• [TASK DETAILS]:
When you print the records below, keep every word exact and leave out the images.

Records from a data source
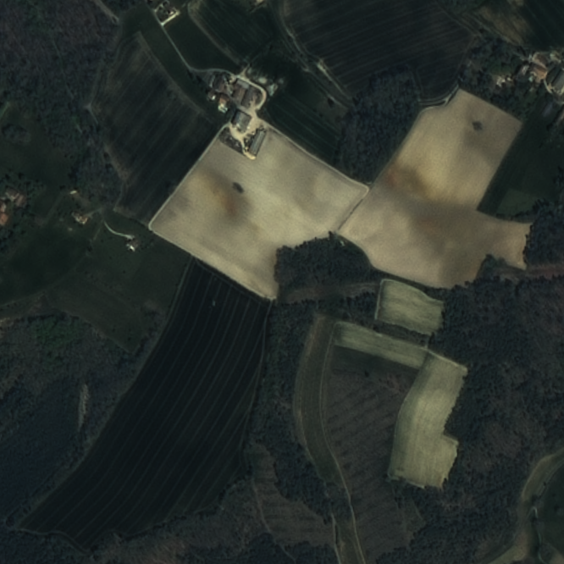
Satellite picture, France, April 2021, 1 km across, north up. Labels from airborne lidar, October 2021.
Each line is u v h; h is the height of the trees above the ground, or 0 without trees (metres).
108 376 17
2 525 11
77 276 0
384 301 0
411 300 0
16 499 12
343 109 0
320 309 10
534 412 15
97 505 0
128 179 0
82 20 15
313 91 0
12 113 0
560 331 18
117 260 0
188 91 0
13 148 0
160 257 0
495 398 8
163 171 0
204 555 12
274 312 13
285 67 0
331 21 0
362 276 11
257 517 7
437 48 0
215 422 0
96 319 0
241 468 0
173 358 0
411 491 8
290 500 16
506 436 13
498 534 10
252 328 0
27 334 20
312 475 20
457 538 10
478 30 0
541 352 22
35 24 21
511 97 9
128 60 0
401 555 8
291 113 0
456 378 0
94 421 12
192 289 0
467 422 7
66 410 10
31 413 7
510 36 0
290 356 11
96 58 23
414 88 22
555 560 0
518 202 0
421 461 0
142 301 0
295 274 19
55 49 19
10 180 13
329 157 0
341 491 14
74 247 0
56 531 0
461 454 10
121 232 0
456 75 0
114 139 0
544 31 0
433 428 0
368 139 20
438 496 18
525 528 0
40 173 0
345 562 0
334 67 0
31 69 13
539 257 24
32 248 0
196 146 0
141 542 18
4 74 22
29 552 13
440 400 0
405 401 0
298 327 13
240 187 9
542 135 0
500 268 19
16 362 11
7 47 15
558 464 0
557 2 0
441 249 0
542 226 23
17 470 10
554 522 0
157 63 0
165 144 0
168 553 17
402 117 17
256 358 0
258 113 8
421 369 0
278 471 11
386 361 0
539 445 11
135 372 21
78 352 22
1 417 25
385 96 20
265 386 6
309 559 16
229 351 0
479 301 23
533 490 0
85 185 21
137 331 0
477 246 0
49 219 0
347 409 0
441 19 0
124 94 0
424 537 9
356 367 0
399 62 0
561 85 0
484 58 21
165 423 0
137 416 0
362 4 0
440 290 9
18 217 15
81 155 13
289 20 0
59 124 23
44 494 10
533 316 16
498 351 14
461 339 17
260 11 0
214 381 0
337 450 0
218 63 0
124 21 0
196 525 15
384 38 0
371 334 0
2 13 12
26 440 8
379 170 16
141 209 0
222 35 0
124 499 0
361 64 0
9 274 0
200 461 0
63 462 7
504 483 14
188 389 0
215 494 0
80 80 18
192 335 0
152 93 0
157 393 0
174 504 0
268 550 10
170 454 0
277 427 14
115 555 15
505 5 0
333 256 14
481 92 12
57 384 11
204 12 0
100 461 0
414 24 0
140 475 0
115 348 7
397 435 0
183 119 0
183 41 0
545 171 0

• [TASK ANSWER]:
Satellite picture, France, April 2021, 1 km across, north up. Labels from airborne lidar, October 2021.
Each line is u v h; h is the height of the trees above the ground, or 0 without trees (metres).
108 376 17
2 525 11
77 276 0
384 301 0
411 300 0
16 499 12
343 109 0
320 309 10
534 412 15
97 505 0
128 179 0
82 20 15
313 91 0
12 113 0
560 331 18
117 260 0
188 91 0
13 148 0
160 257 0
495 398 8
163 171 0
204 555 12
274 312 13
285 67 0
331 21 0
362 276 11
257 517 7
437 48 0
215 422 0
96 319 0
241 468 0
173 358 0
411 491 8
290 500 16
506 436 13
498 534 10
252 328 0
27 334 20
312 475 20
457 538 10
478 30 0
541 352 22
35 24 21
511 97 9
128 60 0
401 555 8
291 113 0
456 378 0
94 421 12
192 289 0
467 422 7
66 410 10
31 413 7
510 36 0
290 356 11
96 58 23
414 88 22
555 560 0
518 202 0
421 461 0
142 301 0
295 274 19
55 49 19
10 180 13
329 157 0
341 491 14
74 247 0
56 531 0
461 454 10
121 232 0
456 75 0
114 139 0
544 31 0
433 428 0
368 139 20
438 496 18
525 528 0
40 173 0
345 562 0
334 67 0
31 69 13
539 257 24
32 248 0
196 146 0
141 542 18
4 74 22
29 552 13
440 400 0
405 401 0
298 327 13
240 187 9
542 135 0
500 268 19
16 362 11
7 47 15
558 464 0
557 2 0
441 249 0
542 226 23
17 470 10
554 522 0
157 63 0
165 144 0
168 553 17
402 117 17
256 358 0
258 113 8
421 369 0
278 471 11
386 361 0
539 445 11
135 372 21
78 352 22
1 417 25
385 96 20
265 386 6
309 559 16
229 351 0
479 301 23
533 490 0
85 185 21
137 331 0
477 246 0
49 219 0
347 409 0
441 19 0
124 94 0
424 537 9
356 367 0
399 62 0
561 85 0
484 58 21
165 423 0
137 416 0
362 4 0
440 290 9
18 217 15
81 155 13
289 20 0
59 124 23
44 494 10
533 316 16
498 351 14
461 339 17
260 11 0
214 381 0
337 450 0
218 63 0
124 21 0
196 525 15
384 38 0
371 334 0
2 13 12
26 440 8
379 170 16
141 209 0
222 35 0
124 499 0
361 64 0
9 274 0
200 461 0
63 462 7
504 483 14
188 389 0
215 494 0
80 80 18
192 335 0
152 93 0
157 393 0
174 504 0
268 550 10
170 454 0
277 427 14
115 555 15
505 5 0
333 256 14
481 92 12
57 384 11
204 12 0
100 461 0
414 24 0
140 475 0
115 348 7
397 435 0
183 119 0
183 41 0
545 171 0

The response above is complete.